Provided material:
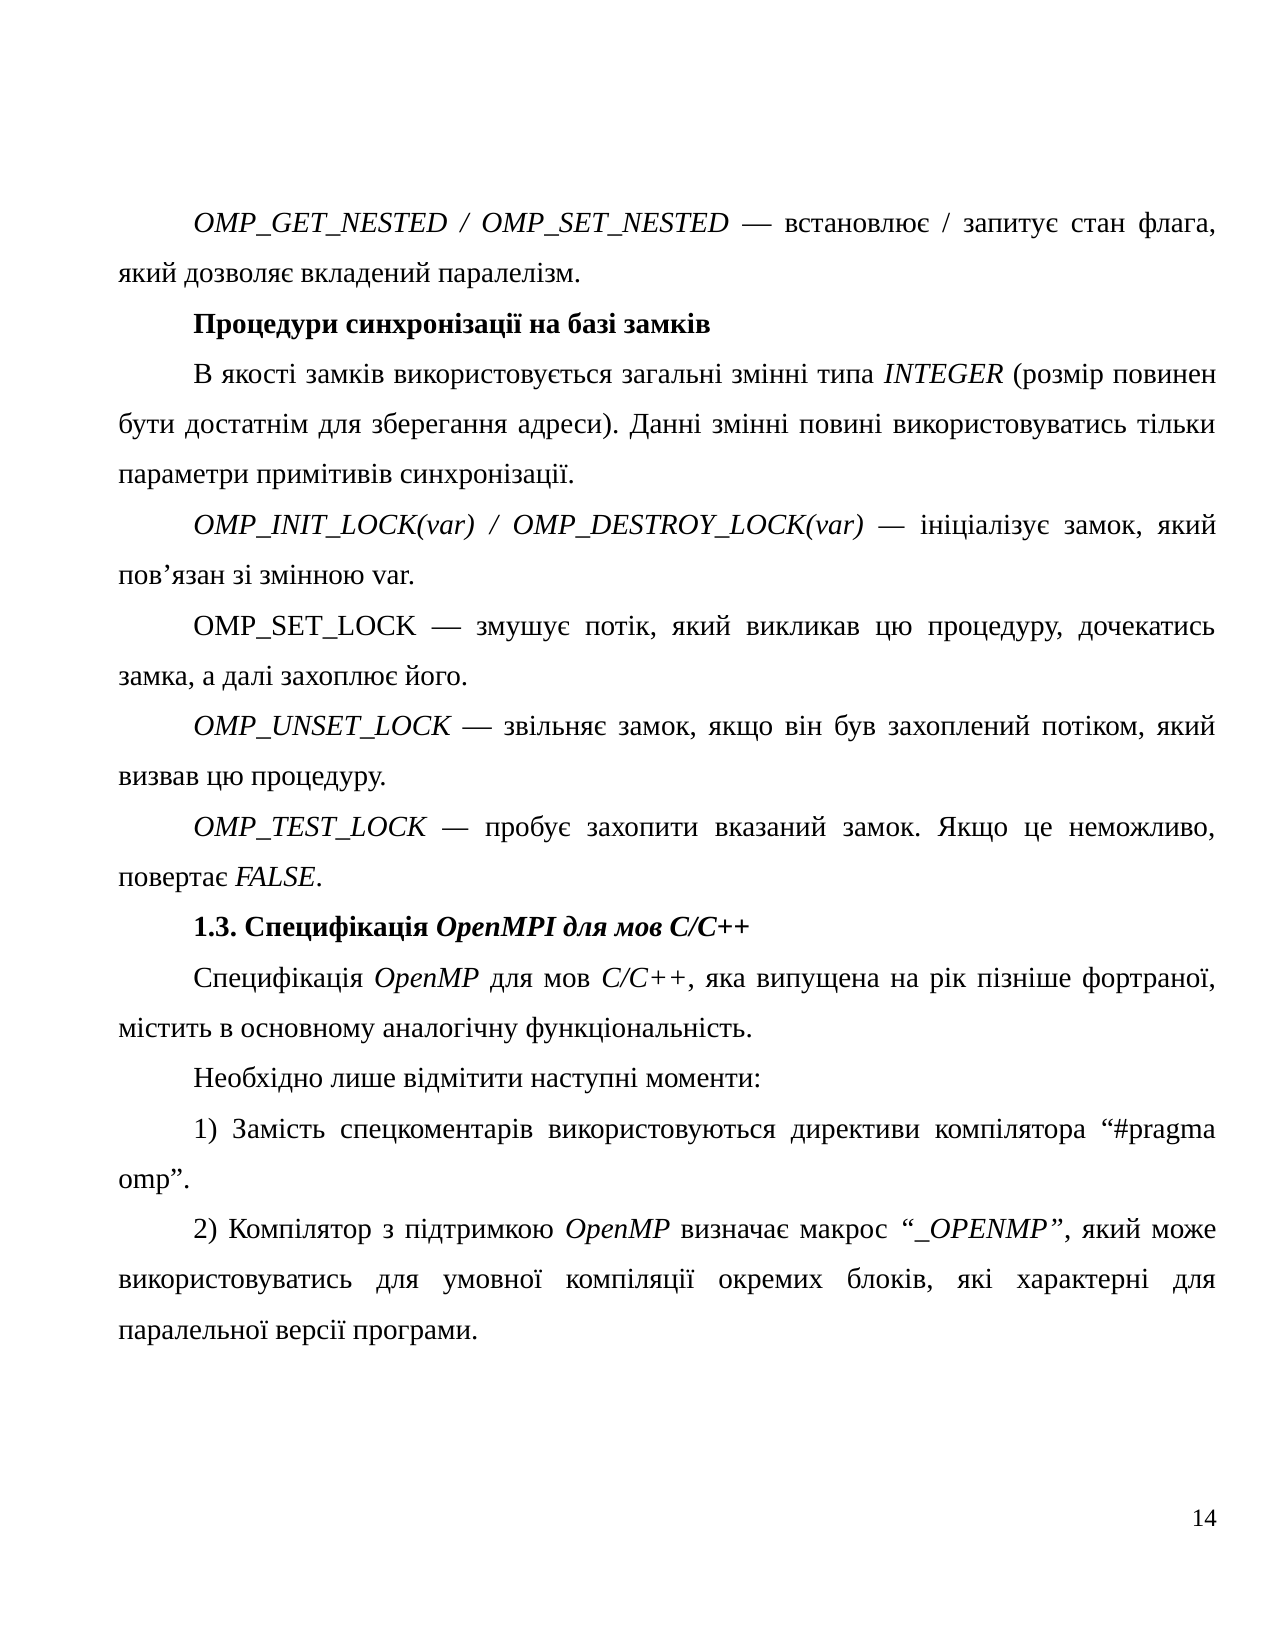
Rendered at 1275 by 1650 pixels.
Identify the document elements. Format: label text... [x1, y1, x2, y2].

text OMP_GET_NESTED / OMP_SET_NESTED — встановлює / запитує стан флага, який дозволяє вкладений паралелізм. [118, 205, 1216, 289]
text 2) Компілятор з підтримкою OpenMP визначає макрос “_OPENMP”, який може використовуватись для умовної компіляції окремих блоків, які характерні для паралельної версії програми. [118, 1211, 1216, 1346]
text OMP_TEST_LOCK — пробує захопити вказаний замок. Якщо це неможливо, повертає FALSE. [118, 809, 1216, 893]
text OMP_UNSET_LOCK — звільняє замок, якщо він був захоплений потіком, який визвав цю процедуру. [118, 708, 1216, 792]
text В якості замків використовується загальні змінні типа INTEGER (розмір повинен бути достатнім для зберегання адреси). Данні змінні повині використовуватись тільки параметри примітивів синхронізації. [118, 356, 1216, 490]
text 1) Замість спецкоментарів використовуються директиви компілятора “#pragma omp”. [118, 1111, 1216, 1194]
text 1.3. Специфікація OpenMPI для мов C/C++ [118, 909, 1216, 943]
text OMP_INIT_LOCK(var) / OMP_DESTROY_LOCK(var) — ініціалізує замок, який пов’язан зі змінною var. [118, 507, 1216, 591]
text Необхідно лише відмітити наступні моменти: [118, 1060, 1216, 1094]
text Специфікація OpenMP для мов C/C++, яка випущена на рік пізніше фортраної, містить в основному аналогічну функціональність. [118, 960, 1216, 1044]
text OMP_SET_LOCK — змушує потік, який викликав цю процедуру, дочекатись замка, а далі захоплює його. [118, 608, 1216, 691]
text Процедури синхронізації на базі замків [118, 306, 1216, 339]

What to work on:
From the listing above, repeat exactly the lines starting at the line that includes "Identify the document" and ending at the line that includes "text 2) Компілятор", with nothing outside that span.

Response to the exercise:
Identify the document elements. Format: label text... [x1, y1, x2, y2].

text OMP_GET_NESTED / OMP_SET_NESTED — встановлює / запитує стан флага, який дозволяє вкладений паралелізм. [118, 205, 1216, 289]
text 2) Компілятор з підтримкою OpenMP визначає макрос “_OPENMP”, який може використовуватись для умовної компіляції окремих блоків, які характерні для паралельної версії програми. [118, 1211, 1216, 1346]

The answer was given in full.